Je n’ai pas la passion des autorités administratives indépendantes. Beaucoup ont été créées au cours des trois ou quatre dernières années, et je crois même que leur nombre dépasse aujourd’hui la quarantaine.
Tout cela pour dire que je ne suis pas hostile à leur regroupement. Cette idée avait d’ailleurs été avancée lors de l’examen du texte sur la réforme de l’audiovisuelle avec un éventuel rapprochement du CSA et de l’ARCEP.
En revanche, je suis totalement opposé à la création d’un commissaire du Gouvernement auprès de l’ARCEP au détour de la transposition d’une directive. Introduire une telle disposition dans un texte visant à renforcer l’autonomie du régulateur frise la provocation !
Cette disposition est choquante, car on sait très bien que l’État est actionnaire majoritaire de La Poste et actionnaire principal de France Télécom, qui sont justement des sociétés qui doivent être contrôlées par ce régulateur. On imagine donc fort bien les risques de conflit d’intérêt.
Cette disposition est également inquiétante, puisque, comme j’ai déjà eu l’occasion de le dire sans obtenir non plus de réponse de la part de M. le ministre, on sait très bien que, derrière tout cela, il y a la question de l’attribution des fréquences issues du dividende numérique. L’État veut en effet attribuer ces fréquences en fonction de critères financiers contre la volonté du législateur, qui a privilégié l’aménagement du territoire. Il est notoire qu’il existe un désaccord entre l’État et l’ARCEP sur ce point, et l’État essaie, de cette manière, de contourner cette autorité.
On sait très bien aussi que la proposition du Gouvernement est contraire au droit européen. À cet égard, nous connaissons tous les remarques formulées à la fois par le commissaire européen et le porte-parole de la Commission ainsi que le risque de procédure d’infraction à la législation européenne encouru par la France.
Je suis d’ailleurs étonné que le Gouvernement ne s’en émeuve pas, alors qu’il s’est empressé d’agir quand il a fallu augmenter la TVA sur les offres triple play, prétendument à la demande de l’Europe. Il est vrai qu’une telle mesure devait apporter 1, 1 milliard d’euros supplémentaire dans les caisses de l’État…
M. le rapporteur pour avis, avec beaucoup de compétence et de talent, comme à son habitude, a tenté de trouver un point d’équilibre en commission. Je tiens vraiment à rendre hommage à son travail. Néanmoins, on voit bien que cela ne suffit pas au Gouvernement, qui veut faire table rase du travail de la commission et revenir à son texte initial.

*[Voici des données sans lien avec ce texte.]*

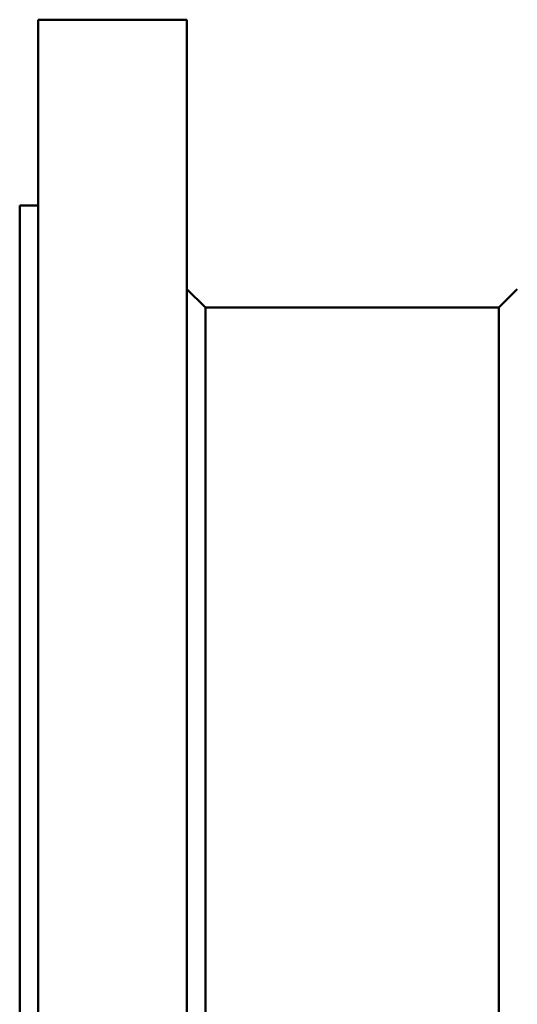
# Model space of a CAD drawing. Header units: millimetres. Extents: x 280 to 880, y 46 to 786.
# Tile 2 of 12: x 280 to 414, y 416 to 681. Entities that reach past the tile are written whole.
import ezdxf

# ---------------------------------------------------------------- set-up
doc = ezdxf.new("R2010")
doc.units = ezdxf.units.MM
doc.layers.add('Visible (ISO)', color=7, linetype='Continuous', lineweight=50)

msp = doc.modelspace()

# ---------------------------------------------------------------- linework, layer by layer
at = {"layer": 'Visible (ISO)'}
for p, q in [((285.26, 45.89), (285.26, 680.89)), ((285.26, 680.89), (302.26, 680.89)), ((308.26, 680.89), (325.26, 680.89)), ((325.26, 45.89), (325.26, 680.89)), ((280.26, 95.89), (280.26, 630.89)), ((280.26, 630.89), (285.26, 630.89)), ((330.26, 603.39), (325.26, 608.39)), ((409.26, 603.39), (414.26, 608.39)), ((330.26, 123.39), (330.26, 603.39)), ((330.26, 603.39), (409.26, 603.39)), ((409.26, 123.39), (409.26, 603.39))]:
    msp.add_line(p, q, dxfattribs=at)
msp.add_open_spline([(308.26, 680.89), (308.26, 680.89), (308.18, 680.89), (307.87, 680.89), (307.64, 680.89), (307.11, 680.89), (306.77, 680.88), (306.03, 680.88), (305.63, 680.88), (304.88, 680.88), (304.48, 680.88), (303.74, 680.88), (303.4, 680.89), (302.87, 680.89), (302.64, 680.89), (302.33, 680.89), (302.26, 680.89), (302.26, 680.89)], degree=3, knots=[0.4520269, 0.4520269, 0.4520269, 0.4520269, 0.5650337, 0.5650337, 0.6780404, 0.6780404, 0.7910471, 0.7910471, 0.9040538, 0.9040538, 1.0170606, 1.0170606, 1.1300673, 1.1300673, 1.243074, 1.243074, 1.3560808, 1.3560808, 1.3560808, 1.3560808], dxfattribs=at)

doc.saveas('drawing.dxf')

Dans ces conditions, il est préférable de supprimer purement et simplement ce commissaire du Gouvernement, car on voit bien que le Gouvernement a une telle volonté de reprise en main que même le dispositif équilibré proposé avec beaucoup de sagesse par M. le rapporteur pour avis ne lui donne pas satisfaction.
Les cinq amendements de suppression de l’article 13, déposés aussi bien par le groupe centriste, le groupe socialiste, le groupe CRC-SPG, le groupe RDSE que par plusieurs de nos collègues UMP, montrent bien que ce commissaire du Gouvernement fait l’unanimité contre lui.
Il faut dire que la manière dont on veut nous l’imposer crée un malaise. C’est donc aussi une question de méthode. Si les choses avaient été présentées différemment, nous n’en serions peut-être pas là.
Lorsque le président du Sénat déclare dans un entretien qu’il préfère encore nommer des politiques au sein des autorités administratives indépendantes plutôt que des commissaires du Gouvernement, il se fait l’écho du malaise que nous ressentons tous dans cette assemblée.
Je rappelle que le Sénat est particulièrement attaché aux libertés individuelles. Or on sent bien ici qu’il y a une volonté de reprise en main de la part de l’État, ce que nous ne pouvons accepter.